Muito nos equivocaríamos, porém, se restringíssemos o debate a estes aspectos culturais. Torna­‑se manifesto que a reconfiguração das mentes é apenas a primeira fase dum mecanismo de maior amplitude. Em poucas palavras, a “redução das cabeças” e a dessimbolização não passam do prelúdio a uma outra profunda redefinição do homem, que desta feita se aplicará, já não só à sua mente, mas também ao seu corpo.
Uma tal dessimbolização do mundo surge num momento decisivo da aventura humana; com efeito, é a primeira vez na história dos organismos vivos que uma criatura consegue ler a escrita de que é expressão. Ao atingir­‑se este ponto, torna-se possível um acontecimento singular: o momento em que a criatura vai poder retornar à criação para ela própria se reconstruir, o momento em que a criatura vai interferir na sua criação e afirmar­‑se como seu próprio criador – surgindo assim o momento inconcebível em que uma espécie poderá intervir no seu próprio devir, substituindo-se às leis naturais da evolução.
É como se a recomendação humanista feita no Renascimento por um dos seus grandes pensadores, Pico della Mirandola, tivesse sido ouvida para além de todos os limites. Opondo-se às antigas formas de dominação absoluta do divino, Pico queria introduzir uma parte de livre arbítrio humano, chamando o homem a «esculpir a sua própria estátua» [3]. O apelo foi ouvido por toda a filosofia ulterior, podendo aliás considerar­‑se esta última como um prolongado desenvolvimento do tema do livre arbítrio humano, da construção do cogito cartesiano ao tema nietzscheano da morte de Deus, passando pelo ideal crítico do Iluminismo.
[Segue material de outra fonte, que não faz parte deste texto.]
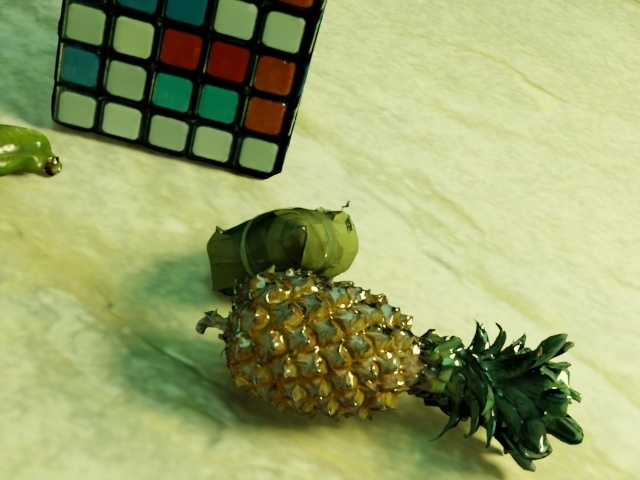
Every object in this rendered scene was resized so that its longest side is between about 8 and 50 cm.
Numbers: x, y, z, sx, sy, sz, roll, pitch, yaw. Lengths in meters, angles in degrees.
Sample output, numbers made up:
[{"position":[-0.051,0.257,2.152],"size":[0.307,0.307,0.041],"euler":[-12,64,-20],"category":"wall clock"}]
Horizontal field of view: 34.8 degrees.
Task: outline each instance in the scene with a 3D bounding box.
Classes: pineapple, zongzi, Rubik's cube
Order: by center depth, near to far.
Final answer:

Ora, o homem actual encontra-se em vias de ultrapassar esse ideal; se ele de facto está a «esculpir a sua própria estátua», esta poderá ser uma estátua viva, chamada a substituir o próprio homem. Notemos, de passagem, que semelhante desígnio de redefinição das bases materiais da humanidade implicaria o fim da filosofia. Com efeito, essa realização pressuporia a irremediável transformação de um empreendimento, incessantemente repetido desde a Antiguidade, de reforma do espírito (pela ascese, pela busca de autonomia, pela refundação do entendimento), num desígnio puramente tecnicista de modificação do corpo. Mas se for para perder a mente, para que servirá obter um corpo novo?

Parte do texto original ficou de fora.